It’s Official

At 12.30pm, 13th April 2011, Tir na NOg became the sole property of Jock.

I had expected some jolt of pain when the lawyer rang me to let me know my money is waiting for me for my settlement date. Some kind of outburst. There was none.  I had shed tears when signing over the property. The finality of it, no going back, the end. I guess I am that place they call acceptance.

I have said goodbye to the neighbours. I hope my new neighbours will be as nice. I know one lady on the opposite side will be. She is my friend of 5 years.

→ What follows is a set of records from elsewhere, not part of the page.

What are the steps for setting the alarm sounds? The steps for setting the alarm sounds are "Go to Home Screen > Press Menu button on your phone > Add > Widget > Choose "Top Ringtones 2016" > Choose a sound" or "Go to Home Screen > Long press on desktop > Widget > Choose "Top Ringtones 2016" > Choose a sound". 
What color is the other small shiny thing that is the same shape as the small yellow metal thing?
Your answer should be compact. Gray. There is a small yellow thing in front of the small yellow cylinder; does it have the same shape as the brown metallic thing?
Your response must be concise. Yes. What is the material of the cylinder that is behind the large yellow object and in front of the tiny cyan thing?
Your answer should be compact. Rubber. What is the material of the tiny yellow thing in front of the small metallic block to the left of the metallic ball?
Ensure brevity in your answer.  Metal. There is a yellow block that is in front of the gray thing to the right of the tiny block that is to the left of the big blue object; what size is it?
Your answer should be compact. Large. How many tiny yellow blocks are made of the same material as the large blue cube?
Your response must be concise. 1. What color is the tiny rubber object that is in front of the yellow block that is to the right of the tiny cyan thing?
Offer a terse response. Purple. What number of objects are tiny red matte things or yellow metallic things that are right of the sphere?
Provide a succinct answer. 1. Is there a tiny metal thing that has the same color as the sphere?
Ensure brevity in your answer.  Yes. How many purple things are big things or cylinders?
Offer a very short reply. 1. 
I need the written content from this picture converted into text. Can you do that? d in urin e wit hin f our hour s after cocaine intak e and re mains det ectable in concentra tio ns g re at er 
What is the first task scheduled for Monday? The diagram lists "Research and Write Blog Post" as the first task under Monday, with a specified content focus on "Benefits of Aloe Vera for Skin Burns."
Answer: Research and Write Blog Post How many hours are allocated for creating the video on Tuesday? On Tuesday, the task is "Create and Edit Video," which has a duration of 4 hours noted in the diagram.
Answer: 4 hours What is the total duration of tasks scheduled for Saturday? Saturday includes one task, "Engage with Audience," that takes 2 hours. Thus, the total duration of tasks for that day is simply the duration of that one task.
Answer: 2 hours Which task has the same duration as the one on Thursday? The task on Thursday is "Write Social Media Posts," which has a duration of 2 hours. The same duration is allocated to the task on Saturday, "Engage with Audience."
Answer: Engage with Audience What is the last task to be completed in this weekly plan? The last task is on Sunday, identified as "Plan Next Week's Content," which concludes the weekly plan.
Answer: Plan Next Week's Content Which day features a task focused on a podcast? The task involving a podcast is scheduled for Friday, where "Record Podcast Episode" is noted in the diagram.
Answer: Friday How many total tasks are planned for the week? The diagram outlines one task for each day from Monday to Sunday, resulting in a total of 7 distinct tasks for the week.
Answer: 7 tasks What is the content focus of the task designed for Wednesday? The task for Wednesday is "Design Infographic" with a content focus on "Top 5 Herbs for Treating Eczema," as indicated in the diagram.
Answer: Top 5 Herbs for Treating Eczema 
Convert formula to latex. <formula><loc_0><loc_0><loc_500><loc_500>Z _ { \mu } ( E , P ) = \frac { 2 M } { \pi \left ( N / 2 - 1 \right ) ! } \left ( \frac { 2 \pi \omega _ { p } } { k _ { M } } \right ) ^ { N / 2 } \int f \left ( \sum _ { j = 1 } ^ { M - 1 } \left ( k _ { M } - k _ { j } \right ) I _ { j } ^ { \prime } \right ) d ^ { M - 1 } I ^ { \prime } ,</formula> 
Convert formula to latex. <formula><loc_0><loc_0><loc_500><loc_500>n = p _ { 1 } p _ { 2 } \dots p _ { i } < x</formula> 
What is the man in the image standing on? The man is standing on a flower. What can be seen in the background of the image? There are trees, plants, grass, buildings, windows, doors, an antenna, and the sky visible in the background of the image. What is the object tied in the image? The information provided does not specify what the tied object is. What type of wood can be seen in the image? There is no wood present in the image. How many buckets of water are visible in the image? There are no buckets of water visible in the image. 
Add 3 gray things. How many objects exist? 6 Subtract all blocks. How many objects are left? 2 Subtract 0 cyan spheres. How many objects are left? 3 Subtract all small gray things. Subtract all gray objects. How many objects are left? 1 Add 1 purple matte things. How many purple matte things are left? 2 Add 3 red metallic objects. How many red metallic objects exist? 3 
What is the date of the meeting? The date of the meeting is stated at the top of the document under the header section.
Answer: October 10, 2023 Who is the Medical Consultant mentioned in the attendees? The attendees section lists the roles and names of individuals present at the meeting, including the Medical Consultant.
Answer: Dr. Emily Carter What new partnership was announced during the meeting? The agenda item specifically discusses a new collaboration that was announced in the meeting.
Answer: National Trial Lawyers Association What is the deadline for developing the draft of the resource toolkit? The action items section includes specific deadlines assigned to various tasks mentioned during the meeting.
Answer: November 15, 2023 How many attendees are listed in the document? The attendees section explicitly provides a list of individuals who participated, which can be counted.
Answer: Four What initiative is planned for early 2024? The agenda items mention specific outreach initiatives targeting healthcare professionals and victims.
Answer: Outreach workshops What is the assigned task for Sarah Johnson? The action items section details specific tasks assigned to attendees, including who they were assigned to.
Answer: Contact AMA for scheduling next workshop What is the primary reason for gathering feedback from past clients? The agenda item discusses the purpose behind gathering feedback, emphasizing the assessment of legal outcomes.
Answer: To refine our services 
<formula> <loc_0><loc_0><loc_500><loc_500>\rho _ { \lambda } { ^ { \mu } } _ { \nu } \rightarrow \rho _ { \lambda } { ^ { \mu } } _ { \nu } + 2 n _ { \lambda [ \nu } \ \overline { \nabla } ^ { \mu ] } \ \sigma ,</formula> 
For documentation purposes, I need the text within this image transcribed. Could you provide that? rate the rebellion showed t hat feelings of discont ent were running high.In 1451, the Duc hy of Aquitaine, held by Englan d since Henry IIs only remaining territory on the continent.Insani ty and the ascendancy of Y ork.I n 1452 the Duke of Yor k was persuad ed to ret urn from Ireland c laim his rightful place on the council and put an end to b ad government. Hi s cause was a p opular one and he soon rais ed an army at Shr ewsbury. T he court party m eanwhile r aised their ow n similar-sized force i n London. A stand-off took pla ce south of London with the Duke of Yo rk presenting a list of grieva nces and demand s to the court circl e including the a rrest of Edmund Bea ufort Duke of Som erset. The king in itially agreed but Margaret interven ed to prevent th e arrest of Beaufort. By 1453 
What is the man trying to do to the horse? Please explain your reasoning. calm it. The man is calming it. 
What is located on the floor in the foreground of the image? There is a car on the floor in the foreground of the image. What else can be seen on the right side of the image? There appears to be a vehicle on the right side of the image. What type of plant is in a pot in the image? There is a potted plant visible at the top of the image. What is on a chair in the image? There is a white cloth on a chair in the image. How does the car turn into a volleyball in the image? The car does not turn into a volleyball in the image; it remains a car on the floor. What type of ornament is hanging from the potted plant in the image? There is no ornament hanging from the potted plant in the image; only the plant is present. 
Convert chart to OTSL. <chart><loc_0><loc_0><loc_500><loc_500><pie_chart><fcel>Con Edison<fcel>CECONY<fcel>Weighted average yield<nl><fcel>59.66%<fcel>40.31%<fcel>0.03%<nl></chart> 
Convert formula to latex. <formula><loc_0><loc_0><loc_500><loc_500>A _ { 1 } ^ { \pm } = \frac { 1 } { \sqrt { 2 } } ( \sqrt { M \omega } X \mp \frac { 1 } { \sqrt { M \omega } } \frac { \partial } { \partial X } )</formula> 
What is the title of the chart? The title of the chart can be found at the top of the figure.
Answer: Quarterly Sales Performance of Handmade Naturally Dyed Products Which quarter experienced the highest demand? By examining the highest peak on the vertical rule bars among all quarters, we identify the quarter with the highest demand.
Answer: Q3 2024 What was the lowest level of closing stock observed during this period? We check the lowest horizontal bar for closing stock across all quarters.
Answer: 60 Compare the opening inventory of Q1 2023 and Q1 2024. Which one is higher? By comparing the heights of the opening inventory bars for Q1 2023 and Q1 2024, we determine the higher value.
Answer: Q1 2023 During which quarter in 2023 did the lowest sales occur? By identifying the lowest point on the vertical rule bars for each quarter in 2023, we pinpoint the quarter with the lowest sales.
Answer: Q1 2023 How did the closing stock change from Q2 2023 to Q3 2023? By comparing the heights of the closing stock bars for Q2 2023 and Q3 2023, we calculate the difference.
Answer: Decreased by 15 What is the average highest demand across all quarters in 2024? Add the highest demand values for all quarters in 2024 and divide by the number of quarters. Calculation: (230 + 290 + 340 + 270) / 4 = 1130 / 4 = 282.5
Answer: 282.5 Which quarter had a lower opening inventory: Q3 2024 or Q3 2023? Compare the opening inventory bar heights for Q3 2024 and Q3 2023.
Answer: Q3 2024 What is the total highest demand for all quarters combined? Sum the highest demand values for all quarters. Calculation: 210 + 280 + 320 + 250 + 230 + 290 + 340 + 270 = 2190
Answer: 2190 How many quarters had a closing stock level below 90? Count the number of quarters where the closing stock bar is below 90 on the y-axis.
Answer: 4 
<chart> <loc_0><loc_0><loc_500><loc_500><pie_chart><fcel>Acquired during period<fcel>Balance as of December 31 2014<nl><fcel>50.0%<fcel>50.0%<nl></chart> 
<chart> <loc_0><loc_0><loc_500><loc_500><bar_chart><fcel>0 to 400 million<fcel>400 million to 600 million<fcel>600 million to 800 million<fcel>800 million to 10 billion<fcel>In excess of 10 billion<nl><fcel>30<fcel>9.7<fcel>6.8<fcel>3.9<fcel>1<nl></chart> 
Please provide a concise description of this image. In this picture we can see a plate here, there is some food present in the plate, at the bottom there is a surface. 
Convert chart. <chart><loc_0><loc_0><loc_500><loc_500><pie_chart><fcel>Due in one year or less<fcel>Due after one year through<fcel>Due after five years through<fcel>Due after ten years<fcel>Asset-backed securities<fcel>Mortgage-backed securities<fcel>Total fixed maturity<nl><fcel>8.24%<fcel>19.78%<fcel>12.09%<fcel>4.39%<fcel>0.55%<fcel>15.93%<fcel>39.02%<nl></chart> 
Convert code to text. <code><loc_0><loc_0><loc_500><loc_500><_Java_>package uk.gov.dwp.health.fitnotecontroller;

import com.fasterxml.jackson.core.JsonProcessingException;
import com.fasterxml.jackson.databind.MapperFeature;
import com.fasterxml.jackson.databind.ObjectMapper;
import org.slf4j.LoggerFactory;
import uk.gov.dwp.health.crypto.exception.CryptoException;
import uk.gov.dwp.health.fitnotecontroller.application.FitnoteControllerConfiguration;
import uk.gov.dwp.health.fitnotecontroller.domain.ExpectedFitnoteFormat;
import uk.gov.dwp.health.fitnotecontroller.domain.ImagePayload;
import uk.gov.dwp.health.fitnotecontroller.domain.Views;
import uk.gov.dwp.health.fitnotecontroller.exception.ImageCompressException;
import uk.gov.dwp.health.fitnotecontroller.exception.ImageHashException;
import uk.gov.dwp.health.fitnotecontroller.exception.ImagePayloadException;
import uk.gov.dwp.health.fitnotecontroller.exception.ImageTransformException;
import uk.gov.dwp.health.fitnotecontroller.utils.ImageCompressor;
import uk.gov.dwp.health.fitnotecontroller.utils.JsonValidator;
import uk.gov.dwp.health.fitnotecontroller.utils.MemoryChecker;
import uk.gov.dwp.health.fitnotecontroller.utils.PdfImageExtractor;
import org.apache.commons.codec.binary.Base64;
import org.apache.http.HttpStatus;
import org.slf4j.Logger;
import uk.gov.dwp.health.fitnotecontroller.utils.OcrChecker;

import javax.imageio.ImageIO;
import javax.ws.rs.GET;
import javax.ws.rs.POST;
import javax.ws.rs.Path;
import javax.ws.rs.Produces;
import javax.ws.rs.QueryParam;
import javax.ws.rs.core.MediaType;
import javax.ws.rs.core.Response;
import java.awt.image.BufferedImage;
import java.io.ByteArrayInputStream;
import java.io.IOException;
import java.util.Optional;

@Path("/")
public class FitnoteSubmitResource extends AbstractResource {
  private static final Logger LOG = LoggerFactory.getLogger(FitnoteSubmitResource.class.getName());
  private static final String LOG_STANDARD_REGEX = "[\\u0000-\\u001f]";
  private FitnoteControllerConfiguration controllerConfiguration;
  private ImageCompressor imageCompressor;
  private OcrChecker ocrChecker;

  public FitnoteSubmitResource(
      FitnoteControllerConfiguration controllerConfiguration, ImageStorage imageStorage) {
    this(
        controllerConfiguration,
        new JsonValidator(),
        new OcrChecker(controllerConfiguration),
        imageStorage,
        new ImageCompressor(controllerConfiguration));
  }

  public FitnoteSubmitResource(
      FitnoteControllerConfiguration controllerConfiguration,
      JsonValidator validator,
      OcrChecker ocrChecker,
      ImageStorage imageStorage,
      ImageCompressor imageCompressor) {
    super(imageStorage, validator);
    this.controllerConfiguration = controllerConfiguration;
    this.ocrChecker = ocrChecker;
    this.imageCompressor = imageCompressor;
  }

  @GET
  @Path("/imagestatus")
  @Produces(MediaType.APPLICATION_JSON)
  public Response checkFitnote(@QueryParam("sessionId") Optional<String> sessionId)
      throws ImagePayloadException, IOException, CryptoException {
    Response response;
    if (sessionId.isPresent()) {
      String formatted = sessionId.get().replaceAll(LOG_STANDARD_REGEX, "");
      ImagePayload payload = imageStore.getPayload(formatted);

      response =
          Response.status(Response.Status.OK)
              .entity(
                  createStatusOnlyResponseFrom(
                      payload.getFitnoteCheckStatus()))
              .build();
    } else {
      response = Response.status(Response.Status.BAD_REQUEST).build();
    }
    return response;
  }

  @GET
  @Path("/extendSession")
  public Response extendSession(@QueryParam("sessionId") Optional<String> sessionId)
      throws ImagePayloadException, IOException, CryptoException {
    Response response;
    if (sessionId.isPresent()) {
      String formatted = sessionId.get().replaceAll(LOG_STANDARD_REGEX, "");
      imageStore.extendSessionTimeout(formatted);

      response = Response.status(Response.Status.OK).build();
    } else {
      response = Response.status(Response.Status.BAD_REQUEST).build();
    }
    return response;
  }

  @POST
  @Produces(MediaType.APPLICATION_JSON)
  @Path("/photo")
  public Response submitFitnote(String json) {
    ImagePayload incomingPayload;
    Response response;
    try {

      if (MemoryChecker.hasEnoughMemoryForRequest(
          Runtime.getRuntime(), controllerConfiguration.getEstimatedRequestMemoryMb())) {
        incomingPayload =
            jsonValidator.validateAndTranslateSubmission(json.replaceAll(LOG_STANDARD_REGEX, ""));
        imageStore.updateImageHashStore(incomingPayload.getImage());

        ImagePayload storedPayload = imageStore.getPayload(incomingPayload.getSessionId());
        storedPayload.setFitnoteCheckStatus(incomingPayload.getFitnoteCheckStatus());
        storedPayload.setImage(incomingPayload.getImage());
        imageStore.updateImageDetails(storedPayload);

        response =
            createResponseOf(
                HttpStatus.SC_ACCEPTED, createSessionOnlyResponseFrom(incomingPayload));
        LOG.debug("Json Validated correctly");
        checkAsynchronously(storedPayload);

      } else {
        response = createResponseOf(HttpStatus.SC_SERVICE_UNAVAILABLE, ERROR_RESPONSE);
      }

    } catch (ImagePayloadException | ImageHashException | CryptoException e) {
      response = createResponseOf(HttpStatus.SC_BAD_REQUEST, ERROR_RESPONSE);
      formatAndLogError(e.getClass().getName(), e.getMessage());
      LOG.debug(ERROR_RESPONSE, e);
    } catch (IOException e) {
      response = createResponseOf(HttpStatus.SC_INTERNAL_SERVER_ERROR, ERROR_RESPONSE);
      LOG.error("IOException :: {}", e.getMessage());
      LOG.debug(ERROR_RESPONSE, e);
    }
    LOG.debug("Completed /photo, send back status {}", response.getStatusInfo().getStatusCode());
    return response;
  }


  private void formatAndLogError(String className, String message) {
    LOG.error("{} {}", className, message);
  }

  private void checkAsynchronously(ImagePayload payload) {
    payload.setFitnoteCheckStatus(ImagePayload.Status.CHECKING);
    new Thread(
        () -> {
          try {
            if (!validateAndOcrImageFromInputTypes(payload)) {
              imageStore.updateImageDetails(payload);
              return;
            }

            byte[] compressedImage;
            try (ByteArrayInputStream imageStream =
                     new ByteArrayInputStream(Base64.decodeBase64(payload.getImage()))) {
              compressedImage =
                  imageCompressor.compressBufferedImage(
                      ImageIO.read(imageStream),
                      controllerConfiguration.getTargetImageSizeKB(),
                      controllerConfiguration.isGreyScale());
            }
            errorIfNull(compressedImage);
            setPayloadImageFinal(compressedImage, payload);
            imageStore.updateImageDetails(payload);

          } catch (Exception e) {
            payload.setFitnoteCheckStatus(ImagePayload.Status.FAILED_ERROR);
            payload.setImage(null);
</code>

Today, while packing, two of the children cried, one was inconsolable. He didn’t want to be touched. It is freakin’ awful to watch your child in pain and feel powerless to do anything about it. Especially a child who struggles to deal with emotions at the best of times. So I sat nearby and talked and answered all questions as honestly as I could. He doesn’t think God has been very helpful. He doesn’t think God cares about us. I asked him if he wanted God to force Father back home when Father doesn’t want to be here. I told him that I thought God had been quite helpful in sending us lovely friends to support and love us while we are hurting. I don’t know if he bought it.

I rang Jock and congratulated him on the purchase of a new home. And feeling generous, I set about making him a housewarming gift.

I took my wedding dress, put some of the material from it aside, and burned the rest. I took a tin can, (Thank God for the Tupperware can opener, that leaves the top as a lid with no sharp bits) and decorated it with the material from the dress. I filled it with some ashes and tied it with the ribbon that we used for the flowers. Black Watch Tartan. The same tartan he wore on his kilt.

I have also thought that women who do stuff like this to be nuts and in a really bad frame of mind to go to such lengths. Everything I did was done calmly. It was very carthartic, cleansing and symbolic for me, done out of ritual and a need for ceremony, not out of anger or bitterness or pain.

I am going to make myself one too. I think it will be a great talking point when visitors come around.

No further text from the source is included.